My Father's Beach House in British Columbia, 1989

If every moment of your life was set to music, what would play the most often?

Would your composition consist of the same instruments, the same notes played in the same way, over and over again? Or would it be different each day--a variety of themes and genres and timbres for an ever-changing life in a constantly moving world, the kind created by the rising and falling of an individual heart?

Would its colors change or fade with the seasons?

Music permits time travel, forward and back. Music takes us back to the very time and place we first heard notes played, reaching a place in our core, where we connect to something bigger than ourselves. Regardless of our varied aptitudes in creating it, we are all wired to respond to it. Music is a gift. It allows for retrieval and respite, it promises and fulfills. It shows us the future too.

My Barn in Kansas, 2019

It fills me with joy some days. Others, it makes me feel melancholy and needy. Occasionally, it reminds me of loss. Then, it rushes to accompany me, to speak of my feelings upon arrival back. In those spaces it is new all over again. Even as it is old.

So on a day such as today, when the skies are a livid blue gray over verduous green, as a steady rain falls over a peaceful, hopeful world celebrating the newness of spring, the deep, rich notes that play in my headset are solemn and steady and promising at once. They weave a thick texture that hints at otherworldly contribution, speaking of a place beyond reach, just beyond sight, yet understood, a dimension where my current pain and longing is part of my story--my past and present, but not of my future.

My future is joy played! My present is a composition to that end.

In this moment, however, what resounds are tears and disappointments and joy and celebration at once. I'm sluffing off those melodies which no longer hold the power to sway in favor of the new notes I create as part of the great symphony I will one day join.
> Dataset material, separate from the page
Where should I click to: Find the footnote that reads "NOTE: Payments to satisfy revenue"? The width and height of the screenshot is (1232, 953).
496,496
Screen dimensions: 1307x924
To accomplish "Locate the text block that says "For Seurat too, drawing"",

But sometimes I take a moment.

You see, today, forced inside by another rainy day, I once again found a stack of old photographs that hold all that remains outside of my own memory. The ones taken in a place by the sea, where the skies are mostly gray and the beaches are full of small stones. Where killer whales play in alcoves below humans who drink coffee and draw the world and tend flower beds in cool, salty air. Where what plays on the old stereo is classical but what reaches my ears is electronic and ethereal and my father is restored to me. He is sitting just above the waves at the patio table he set on a weathered deck where he will forever be enjoying his view--the one he connected with above all others, just before he left this world.
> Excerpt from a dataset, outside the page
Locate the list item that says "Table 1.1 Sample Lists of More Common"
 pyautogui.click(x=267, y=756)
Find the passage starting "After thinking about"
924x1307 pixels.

I haven't looked at those old photos but maybe three times in the last three decades. And now, seeing the misty seashore, I hear music play, and the world outside my window--a vibrant, fertile, solemn placed tucked away at the edge of Kansas, seems connected in song with a place so far away in British Columbia. A place where the same pieces still play, even as I create new notes. Places where the rain falls.

My Father's "Little Park Bench" View to the Sea, 1989

Some notes would fade completely were it not for my mind and the pictures I found today.

So, I guess it's okay to play this old music again. As long as it isn't often. As long as I don't lose myself in it. As long as I turn up the volume on the new and dance in it.